J.B. Spins

Jazz, film, and improvised culture.

Tuesday, August 05, 2008

Jazz Score: A Man Called Adam

As cool as Saul Bass’s titles are for Anatomy of a Murder, this film has them beat, thanks to an opening sequence from the Hubley Studios, renown for their jazz animation. While Benny Carter’s soundtrack for A Man Called Adam might not best Ellington’s classic score, it is at least competitive. Screening Wednesday as part of the Jazz Score series at the MoMA, Adam is an overlooked classic of jazz cinema.

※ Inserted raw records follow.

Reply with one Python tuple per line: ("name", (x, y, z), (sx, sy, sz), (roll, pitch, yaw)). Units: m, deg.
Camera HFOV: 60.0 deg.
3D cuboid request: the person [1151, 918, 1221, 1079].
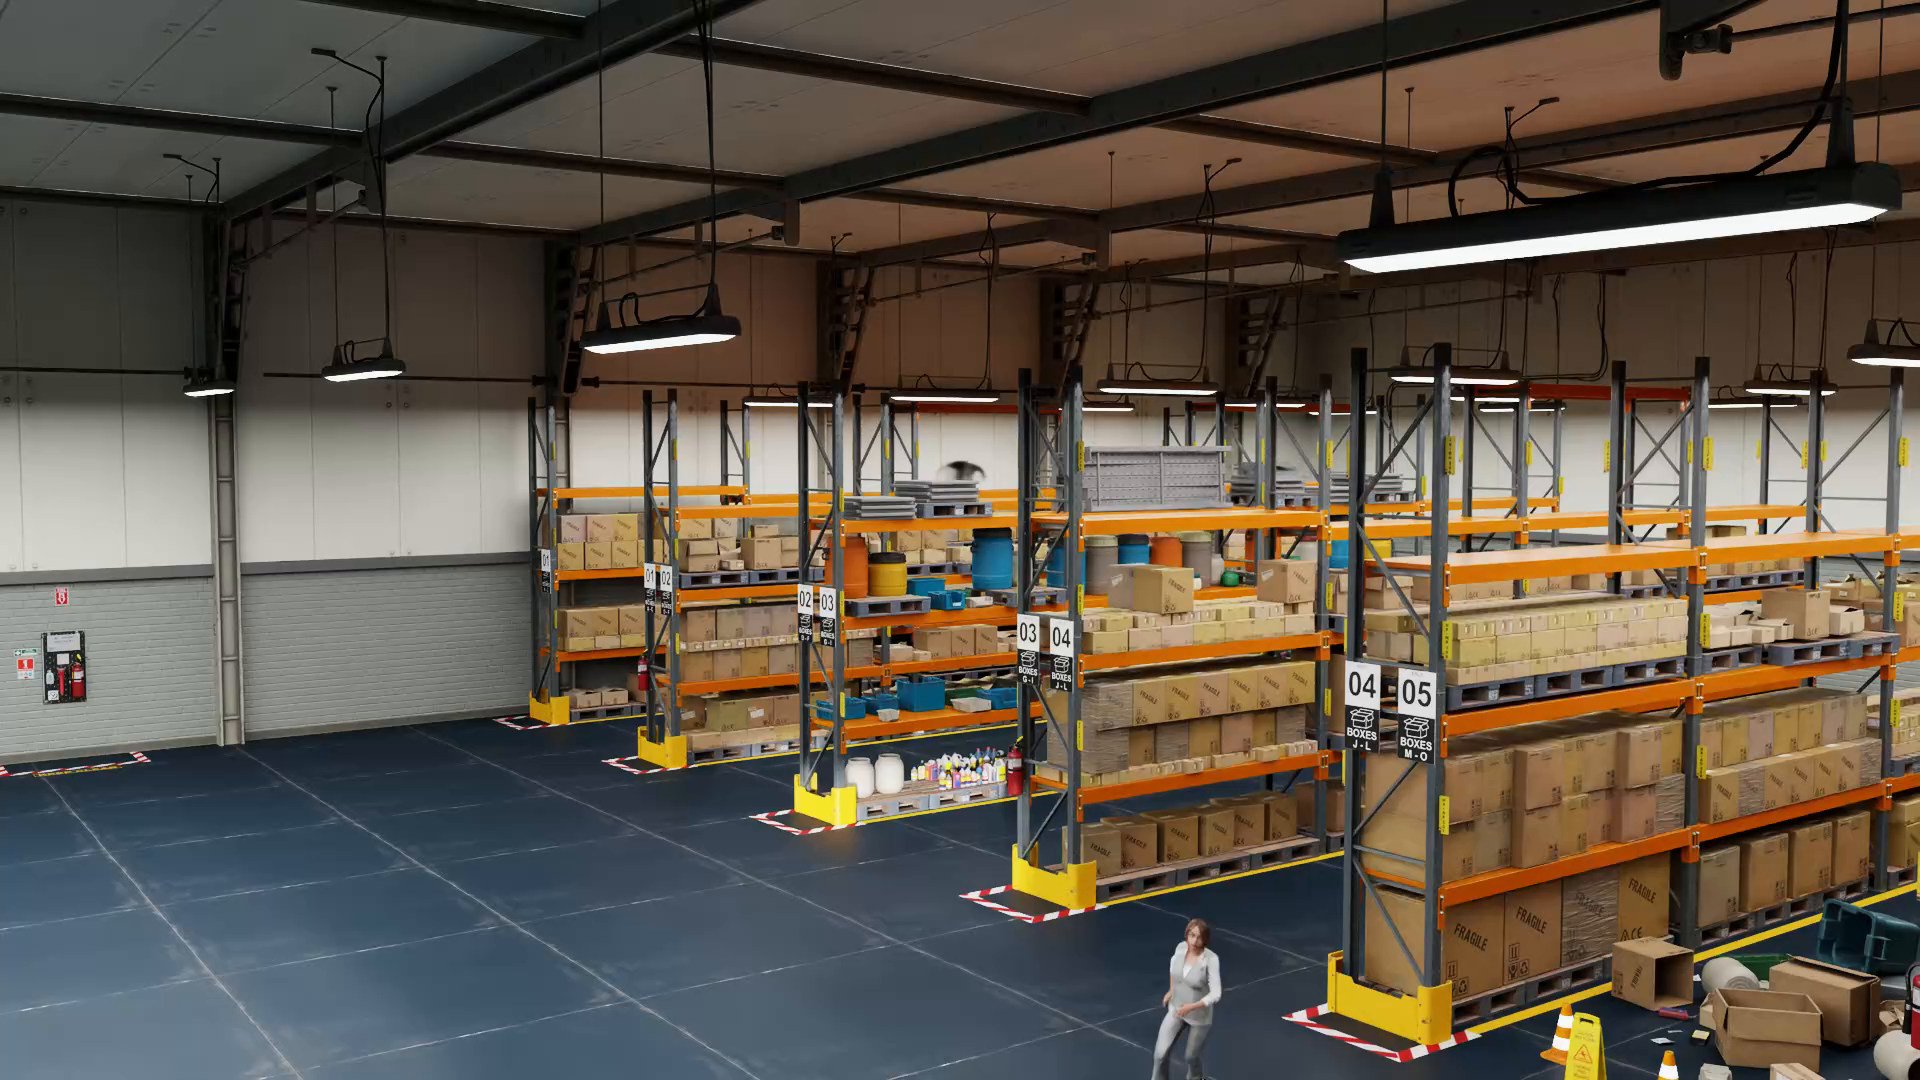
("person", (1.727, 3.615, 12.653), (0.610, 1.557, 0.747), (2, 4, 30))
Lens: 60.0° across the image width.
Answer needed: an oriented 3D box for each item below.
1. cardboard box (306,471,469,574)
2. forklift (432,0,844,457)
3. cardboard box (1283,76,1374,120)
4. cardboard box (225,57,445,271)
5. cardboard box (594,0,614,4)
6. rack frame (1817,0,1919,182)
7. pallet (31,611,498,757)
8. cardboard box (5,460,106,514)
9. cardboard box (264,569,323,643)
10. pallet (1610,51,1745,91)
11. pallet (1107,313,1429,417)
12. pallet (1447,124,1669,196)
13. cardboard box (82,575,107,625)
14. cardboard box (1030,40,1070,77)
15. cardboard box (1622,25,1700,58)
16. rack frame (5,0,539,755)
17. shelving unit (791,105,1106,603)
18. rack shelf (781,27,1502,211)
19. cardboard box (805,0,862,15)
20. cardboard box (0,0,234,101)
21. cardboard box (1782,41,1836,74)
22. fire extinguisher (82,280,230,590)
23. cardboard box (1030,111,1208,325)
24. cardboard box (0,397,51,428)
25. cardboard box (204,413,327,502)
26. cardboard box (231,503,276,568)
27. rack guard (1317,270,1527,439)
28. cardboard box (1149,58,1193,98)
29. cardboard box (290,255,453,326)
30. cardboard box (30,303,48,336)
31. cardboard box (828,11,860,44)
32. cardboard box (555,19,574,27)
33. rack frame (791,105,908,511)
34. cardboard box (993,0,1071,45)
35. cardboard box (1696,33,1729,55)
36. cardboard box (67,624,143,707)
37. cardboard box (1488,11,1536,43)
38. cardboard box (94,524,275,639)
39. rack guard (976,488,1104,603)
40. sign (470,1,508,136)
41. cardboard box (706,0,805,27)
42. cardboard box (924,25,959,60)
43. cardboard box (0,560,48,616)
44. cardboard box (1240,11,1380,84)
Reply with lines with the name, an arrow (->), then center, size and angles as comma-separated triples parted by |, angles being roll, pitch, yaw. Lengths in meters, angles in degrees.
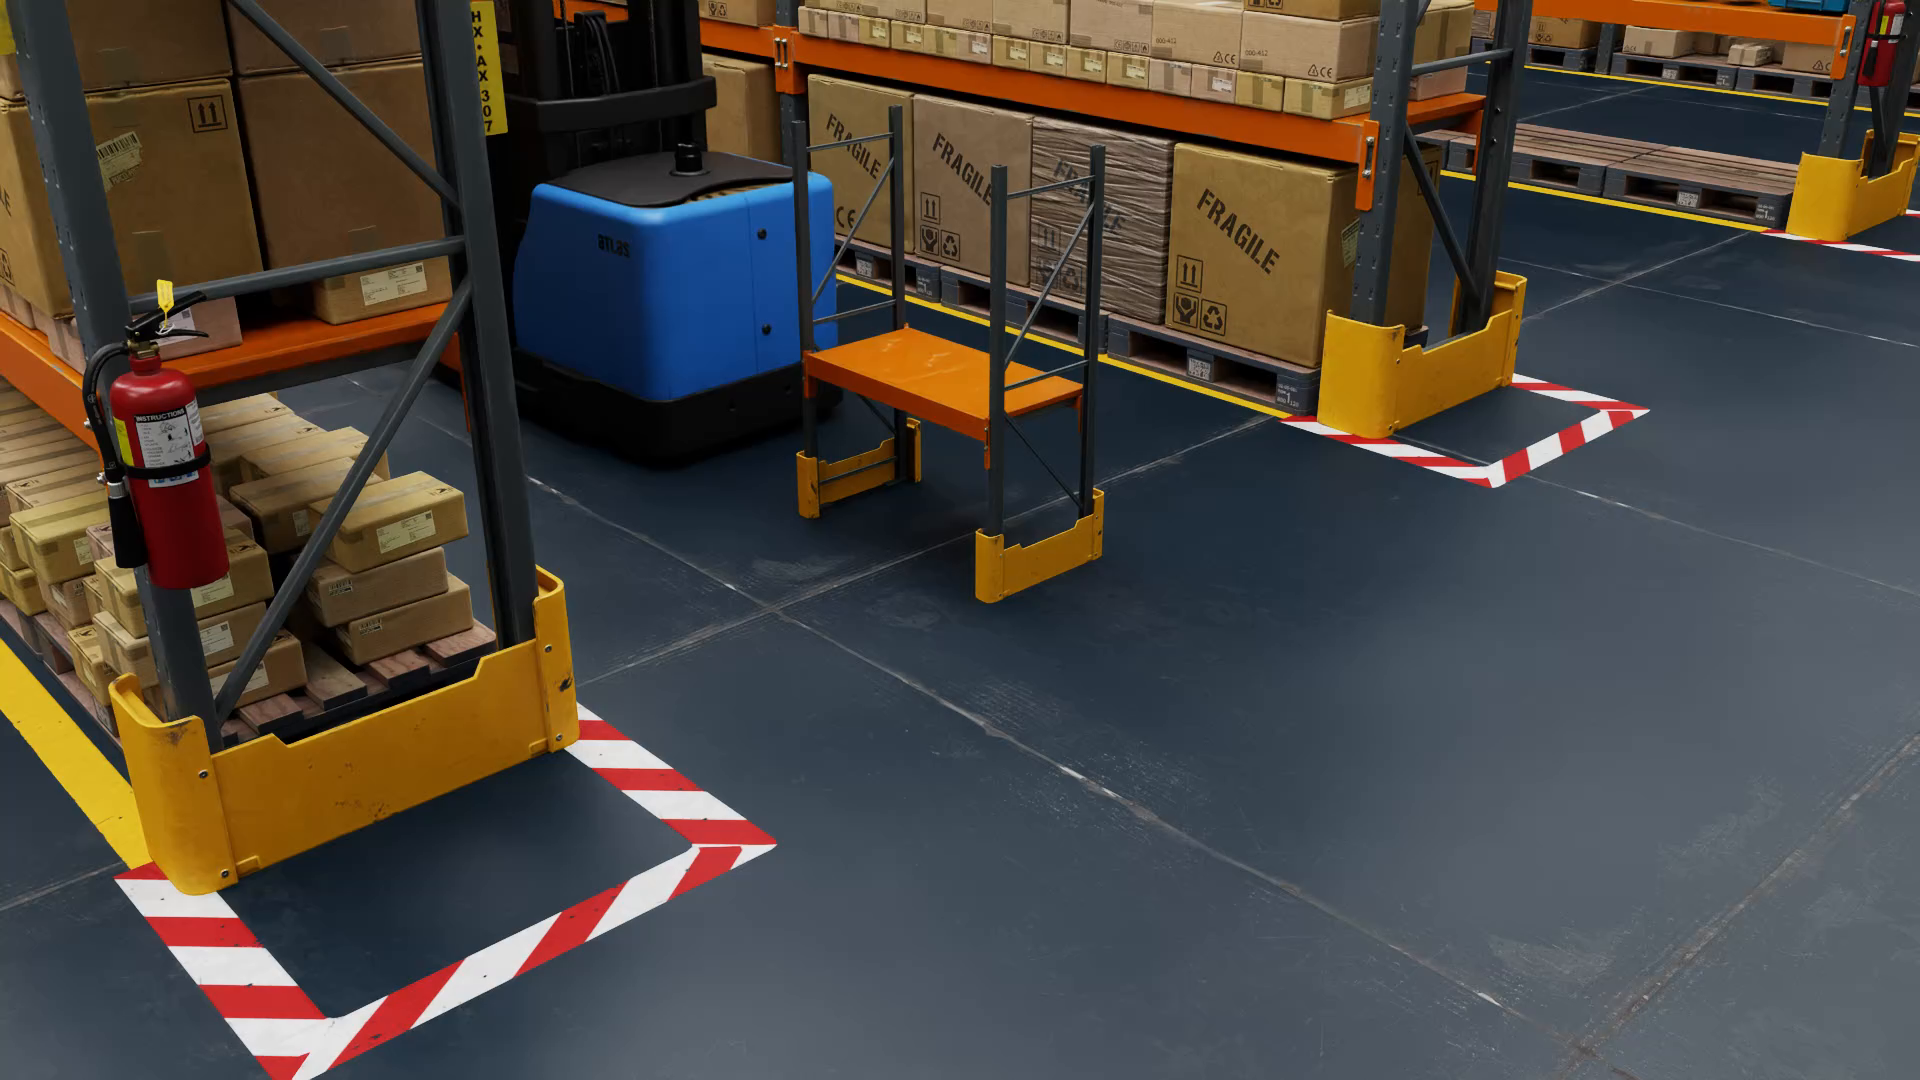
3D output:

Sammy Davis, Jr. plays Adam Johnson, a superstar jazz trumpeter, who despite the occasional crooning, is clearly inspired by Miles Davis. Arrogant and uncompromising, Johnson bows to no man, but is not overtly political. He is more interested in assuaging his guilt over the accident that killed his wife and child with drink, drugs, and cheap sex. Fronting a band fast losing its patience with his self-destructive behavior, he has few meaningful relationships, besides a long suffering friend played by Ossie Davis and an earnest young white student played by Frank Sinatra, Jr. Yes, Junior, and he is darn good in the role too.

Adam is a film with a plethora of interesting relationships, including the Rat-Packers, Davis, Sinatra Jr., and Peter Lawford as Johnson’s stone cold evil booking agent Manny. There is no ring-a-ding-ding in the scenes between Davis and Lawford, just the characters’ pure contempt. Cicely Tyson plays (the fictional Miles Davis) Johnson’s love interest who tries to straighten his life out, with mixed results. Fifteen years later she would marry the real Miles Davis, and is generally credited with stabilizing his then chaotic life.

Davis, Sinatra, and Lawford are all great in the film, but the best performance comes from Louis Armstrong playing Willie “Sweet Daddy” Ferguson, essentially a fictionalized version of himself. He has two dynamite musical features with Tyree Gleen and his All-Stars of the time, but he is truly touching in his dramatic scenes, playing a man who might be respected, even beloved, but who realizes time has passed him by. At a Downbeat party, after “All That Jazz,” a killing swinger from Mel Tormé (yes, the Velvet Fog), Johnson finds the shy Ferguson sitting off in a corner. The kids at the party are nice enough he tells Johnson, but it “seems like the people don’t know what to say to me.” “Maybe it’s just that they don’t know what to say to a genius,” he responds, in a scene of cinematic perfection.

There is indeed fantastic music in Adam, composed and conducted by Benny Carter. In addition to Armstrong and Tormé, the Johnson combo performs some great music as well, with Nat Adderley getting screen credit for dubbing Johnson’s cornet. Kai Winding also appears as himself, as a member of Johnson’s band, with Junior Mance fulfilling the piano duties behind the scenes.

There are scenes in Adam addressing issues of race and music that cut like a knife. Yet, the swinging music makes it all go down sweet as candy. At times swinging, at times sad, Adam is neglected cinematic jewel, containing the best film work from everyone involved. It screens tomorrow and Saturday at MoMA.